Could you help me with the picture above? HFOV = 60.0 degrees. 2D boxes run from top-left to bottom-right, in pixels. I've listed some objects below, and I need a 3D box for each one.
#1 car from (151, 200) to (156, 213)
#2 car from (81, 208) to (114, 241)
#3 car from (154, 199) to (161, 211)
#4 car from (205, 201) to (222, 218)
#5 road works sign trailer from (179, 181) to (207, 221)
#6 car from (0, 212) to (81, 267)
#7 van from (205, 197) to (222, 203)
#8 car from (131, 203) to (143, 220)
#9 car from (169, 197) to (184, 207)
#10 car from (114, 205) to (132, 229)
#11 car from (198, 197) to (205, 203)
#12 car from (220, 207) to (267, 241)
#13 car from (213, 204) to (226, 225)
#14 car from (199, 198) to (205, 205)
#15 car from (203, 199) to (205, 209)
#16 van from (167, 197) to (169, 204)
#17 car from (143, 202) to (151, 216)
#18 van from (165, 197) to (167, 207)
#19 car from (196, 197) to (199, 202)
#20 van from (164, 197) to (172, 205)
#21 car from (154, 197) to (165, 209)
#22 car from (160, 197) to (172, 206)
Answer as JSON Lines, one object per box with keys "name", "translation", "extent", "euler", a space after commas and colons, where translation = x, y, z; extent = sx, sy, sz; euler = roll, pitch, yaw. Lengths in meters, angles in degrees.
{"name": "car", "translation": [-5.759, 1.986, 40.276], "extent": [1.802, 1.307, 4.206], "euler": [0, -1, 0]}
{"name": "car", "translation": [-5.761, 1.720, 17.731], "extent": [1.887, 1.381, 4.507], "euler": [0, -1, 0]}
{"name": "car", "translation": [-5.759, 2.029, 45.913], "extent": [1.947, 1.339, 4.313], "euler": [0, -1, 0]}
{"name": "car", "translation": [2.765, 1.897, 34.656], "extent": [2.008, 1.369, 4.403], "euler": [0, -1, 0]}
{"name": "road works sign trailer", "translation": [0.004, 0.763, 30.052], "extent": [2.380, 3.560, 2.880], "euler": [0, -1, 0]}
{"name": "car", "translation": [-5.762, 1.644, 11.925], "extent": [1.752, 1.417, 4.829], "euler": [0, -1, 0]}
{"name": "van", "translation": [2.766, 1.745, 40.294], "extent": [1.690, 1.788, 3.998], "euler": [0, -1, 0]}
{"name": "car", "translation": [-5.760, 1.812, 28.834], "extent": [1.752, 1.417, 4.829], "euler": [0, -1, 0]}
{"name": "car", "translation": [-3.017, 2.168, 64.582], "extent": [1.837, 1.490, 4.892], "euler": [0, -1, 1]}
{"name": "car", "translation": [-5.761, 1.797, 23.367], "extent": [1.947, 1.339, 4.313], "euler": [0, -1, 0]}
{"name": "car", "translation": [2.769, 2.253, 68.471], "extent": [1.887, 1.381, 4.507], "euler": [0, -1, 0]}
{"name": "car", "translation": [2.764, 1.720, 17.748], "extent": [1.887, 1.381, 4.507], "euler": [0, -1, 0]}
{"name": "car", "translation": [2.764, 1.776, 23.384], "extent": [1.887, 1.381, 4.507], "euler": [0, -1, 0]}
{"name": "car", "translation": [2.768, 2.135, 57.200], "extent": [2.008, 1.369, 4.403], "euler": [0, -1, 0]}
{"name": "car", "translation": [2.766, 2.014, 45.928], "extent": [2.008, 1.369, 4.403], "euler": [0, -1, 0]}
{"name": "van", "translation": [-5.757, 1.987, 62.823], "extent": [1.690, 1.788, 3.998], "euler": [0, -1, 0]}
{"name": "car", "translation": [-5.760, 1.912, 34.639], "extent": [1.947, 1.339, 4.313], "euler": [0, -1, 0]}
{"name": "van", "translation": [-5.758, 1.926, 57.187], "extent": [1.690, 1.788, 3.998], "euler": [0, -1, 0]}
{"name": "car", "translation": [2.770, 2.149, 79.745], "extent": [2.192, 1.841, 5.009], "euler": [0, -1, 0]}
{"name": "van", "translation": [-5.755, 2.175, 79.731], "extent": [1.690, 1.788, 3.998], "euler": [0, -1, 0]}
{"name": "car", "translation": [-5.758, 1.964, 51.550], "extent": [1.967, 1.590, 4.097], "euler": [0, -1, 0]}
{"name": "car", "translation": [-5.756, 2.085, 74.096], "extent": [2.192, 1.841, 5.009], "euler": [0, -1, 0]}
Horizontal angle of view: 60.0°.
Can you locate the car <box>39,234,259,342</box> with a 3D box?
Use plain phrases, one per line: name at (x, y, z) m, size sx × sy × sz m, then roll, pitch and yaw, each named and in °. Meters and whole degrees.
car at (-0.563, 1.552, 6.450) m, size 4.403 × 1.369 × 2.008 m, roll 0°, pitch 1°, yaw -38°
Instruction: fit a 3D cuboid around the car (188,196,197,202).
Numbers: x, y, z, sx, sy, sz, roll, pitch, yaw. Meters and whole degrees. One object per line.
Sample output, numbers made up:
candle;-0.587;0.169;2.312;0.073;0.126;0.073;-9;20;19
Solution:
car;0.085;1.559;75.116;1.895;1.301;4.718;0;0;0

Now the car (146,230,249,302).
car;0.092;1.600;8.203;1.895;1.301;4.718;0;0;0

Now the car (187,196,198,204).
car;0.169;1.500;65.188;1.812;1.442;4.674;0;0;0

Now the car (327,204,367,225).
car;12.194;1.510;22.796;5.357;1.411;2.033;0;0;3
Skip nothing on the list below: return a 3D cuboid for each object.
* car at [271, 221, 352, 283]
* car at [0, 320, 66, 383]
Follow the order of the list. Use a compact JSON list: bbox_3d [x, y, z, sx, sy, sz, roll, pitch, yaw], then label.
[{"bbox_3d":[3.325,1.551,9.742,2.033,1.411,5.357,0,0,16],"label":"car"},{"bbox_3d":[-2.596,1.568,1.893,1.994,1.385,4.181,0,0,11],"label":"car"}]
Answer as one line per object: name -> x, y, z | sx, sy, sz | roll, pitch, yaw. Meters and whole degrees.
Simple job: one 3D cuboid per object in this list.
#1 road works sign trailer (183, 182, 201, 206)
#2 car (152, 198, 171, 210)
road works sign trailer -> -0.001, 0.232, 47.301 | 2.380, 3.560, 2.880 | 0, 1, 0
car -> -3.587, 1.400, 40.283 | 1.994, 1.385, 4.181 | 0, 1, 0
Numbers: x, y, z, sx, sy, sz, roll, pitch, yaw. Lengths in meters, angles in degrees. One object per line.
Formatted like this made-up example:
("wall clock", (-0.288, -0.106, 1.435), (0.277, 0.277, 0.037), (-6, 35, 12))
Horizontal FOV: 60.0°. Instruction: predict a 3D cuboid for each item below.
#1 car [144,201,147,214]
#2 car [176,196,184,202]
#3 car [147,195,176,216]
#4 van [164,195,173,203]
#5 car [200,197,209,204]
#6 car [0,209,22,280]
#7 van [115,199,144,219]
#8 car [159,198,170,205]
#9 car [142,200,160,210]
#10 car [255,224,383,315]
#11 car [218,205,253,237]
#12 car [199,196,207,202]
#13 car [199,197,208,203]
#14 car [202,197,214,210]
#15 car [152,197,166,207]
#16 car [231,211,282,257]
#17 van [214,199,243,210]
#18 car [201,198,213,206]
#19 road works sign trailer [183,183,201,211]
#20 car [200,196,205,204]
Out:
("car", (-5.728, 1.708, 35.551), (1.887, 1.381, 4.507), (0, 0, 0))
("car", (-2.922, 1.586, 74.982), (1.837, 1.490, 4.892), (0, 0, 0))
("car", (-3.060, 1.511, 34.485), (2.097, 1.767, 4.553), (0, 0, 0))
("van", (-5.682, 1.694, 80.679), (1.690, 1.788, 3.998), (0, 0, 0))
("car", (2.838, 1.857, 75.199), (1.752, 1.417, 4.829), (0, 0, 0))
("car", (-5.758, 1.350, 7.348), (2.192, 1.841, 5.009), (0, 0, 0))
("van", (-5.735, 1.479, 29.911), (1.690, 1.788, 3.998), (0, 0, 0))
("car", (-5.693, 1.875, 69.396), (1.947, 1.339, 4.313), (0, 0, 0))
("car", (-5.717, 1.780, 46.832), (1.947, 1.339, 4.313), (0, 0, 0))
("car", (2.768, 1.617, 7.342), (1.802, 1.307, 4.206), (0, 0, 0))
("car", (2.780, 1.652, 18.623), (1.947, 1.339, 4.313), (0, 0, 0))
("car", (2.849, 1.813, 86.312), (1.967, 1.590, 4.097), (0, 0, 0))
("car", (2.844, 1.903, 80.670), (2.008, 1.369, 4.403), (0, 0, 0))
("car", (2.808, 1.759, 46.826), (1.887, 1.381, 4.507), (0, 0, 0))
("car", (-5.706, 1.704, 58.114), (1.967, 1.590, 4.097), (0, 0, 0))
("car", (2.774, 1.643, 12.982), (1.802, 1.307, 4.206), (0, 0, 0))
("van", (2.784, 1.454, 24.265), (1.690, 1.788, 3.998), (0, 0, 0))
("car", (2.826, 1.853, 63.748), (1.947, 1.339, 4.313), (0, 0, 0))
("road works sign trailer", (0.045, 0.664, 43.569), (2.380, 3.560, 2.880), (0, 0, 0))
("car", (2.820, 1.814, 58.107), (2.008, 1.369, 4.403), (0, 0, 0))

REQUIRED WORK
From the entries above, restate word for word the lines from the line containing "Horizontal angle of view: 60.0°." to the line containing "#1 road works", both ends included, and nothing more.

COMPLETED EXERCISE
Horizontal angle of view: 60.0°.
Can you locate the car <box>39,234,259,342</box> with a 3D box?
Use plain phrases, one per line: name at (x, y, z) m, size sx × sy × sz m, then roll, pitch and yaw, each named and in °. Meters and whole degrees.
car at (-0.563, 1.552, 6.450) m, size 4.403 × 1.369 × 2.008 m, roll 0°, pitch 1°, yaw -38°
Instruction: fit a 3D cuboid around the car (188,196,197,202).
Numbers: x, y, z, sx, sy, sz, roll, pitch, yaw. Meters and whole degrees. One object per line.
Sample output, numbers made up:
candle;-0.587;0.169;2.312;0.073;0.126;0.073;-9;20;19
Solution:
car;0.085;1.559;75.116;1.895;1.301;4.718;0;0;0

Now the car (146,230,249,302).
car;0.092;1.600;8.203;1.895;1.301;4.718;0;0;0

Now the car (187,196,198,204).
car;0.169;1.500;65.188;1.812;1.442;4.674;0;0;0

Now the car (327,204,367,225).
car;12.194;1.510;22.796;5.357;1.411;2.033;0;0;3
Skip nothing on the list below: return a 3D cuboid for each object.
* car at [271, 221, 352, 283]
* car at [0, 320, 66, 383]
Follow the order of the list. Use a compact JSON list: bbox_3d [x, y, z, sx, sy, sz, roll, pitch, yaw], then label.
[{"bbox_3d":[3.325,1.551,9.742,2.033,1.411,5.357,0,0,16],"label":"car"},{"bbox_3d":[-2.596,1.568,1.893,1.994,1.385,4.181,0,0,11],"label":"car"}]
Answer as one line per object: name -> x, y, z | sx, sy, sz | roll, pitch, yaw. Meters and whole degrees.
Simple job: one 3D cuboid per object in this list.
#1 road works sign trailer (183, 182, 201, 206)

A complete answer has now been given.